Barman – Backup and Recovery Manager is an Open Source administration tool for disaster recovery of PostgreSQL servers. It allows centralized and remote backups of multiple servers and has a lot of features. Comparing Barman and pgBackRest we have concluded that pgBackRest has an advantage in parallel processing.

pgBackRest is a backup and restore solution that can be used for the largest databases. Parallel processing and compression reduces recovery time. One central backup location can be used for all PostgreSQL databases. The user guide, command references and configuration references are described in detail.

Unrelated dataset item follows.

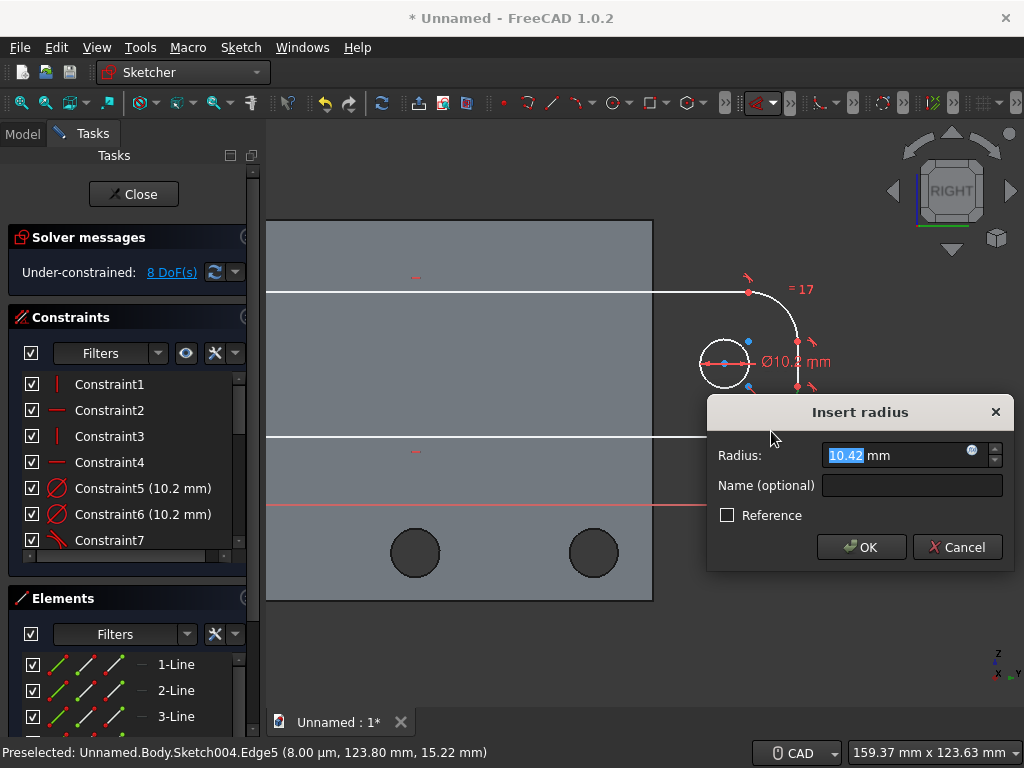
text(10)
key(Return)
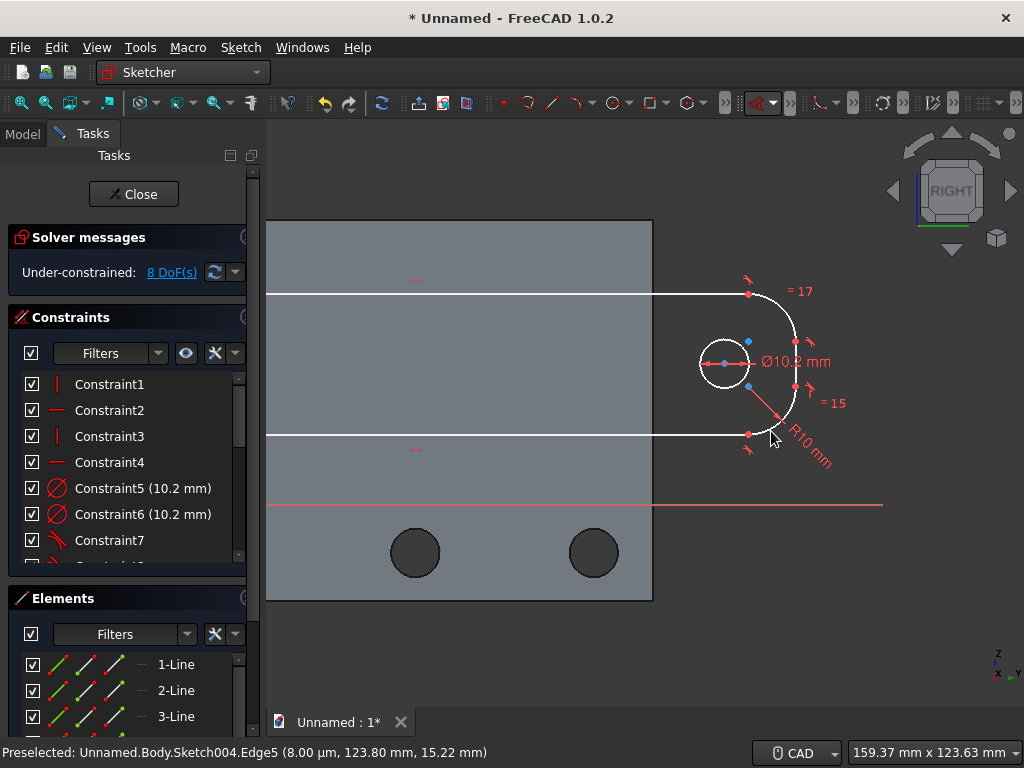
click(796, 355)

pgBackRest has a lot of options, it’s not very easy to configure as is the case with pg_rman but it offers a lot more features that can be crucial in the production environment of mass volume databases.

Full list of features:

  • Parallel Backup & Restore – solves the compression bottleneck with parallel processing
  • Local or Remote Operation – restore and archive locally or remotely via SSH
  • Full, Incremental, & Differential Backups
  • Backup Rotation & Archive Expiration
  • Backup Integrity
  • Page Checksums
  • Backup Resume
  • Streaming Compression & Checksums
  • Delta Restore
  • Parallel, Asynchronous WAL Push & Get
  • Tablespace & Link Support
  • Amazon S3 Support
  • Encryption
  • Compatibility with PostgreSQL >= 8.3

pgBackRest – a backup tool suitable for the largest databases

For basic pgBackRest setup we need:

  • one host with a central repository where pgBackRest stores backups and archives WAL segments
  • database cluster with PostgreSQL database
  • installed pgbackrest rpm package from postgresql.org, rpm must be installed on repo and postgres host (yum install pgbackrest)
  • passwordless ssh – agents communicate between the hosts via ssh
  • configure stanza – stanza is the configuration for a database cluster
  • configure retention – numbers of full, diff and incr backups kept in the repository. Old backups will be automatically deleted
  • check the configuration
  • perform a backup – just run pgBackRest with the backup command
pgbackrest --stanza=ipam --type=full backup
  • schedule a backup in cron

For restore pgBackRest have a few options: delta option, restore selected database option and restore Point-in-Time Recovery. Point-in-Time Recovery (PITR) allows the WAL to be played from the last backup to a specified time, transaction id, or recovery point.

Example of recovery command with target time option:

pgbackrest --stanza=ipam --delta \        
     --type=time "--target=2019-02-20 14:15:00.000000+01" restore 

pgBackRest is free and open source software under the MIT license and can be used for personal or commercial purposes without any limitations.

Trained DevOps team is essential 

An ordinary working day can easily turn into a nightmare and the only way to successfully overcome an accident is careful planning, education and training. Backup tools do not mean anything unless you have trained people who can use them. Education should not include just one man (sysadmin or DBA) that is usually on vacation when an accident occurs. All the members of the DevOps team should be familiar with backup and restore procedures.

Finally, we need to emphasize once again that the backup does not mean anything if we are not sure that the backup is valid and that we can at any time restore the data!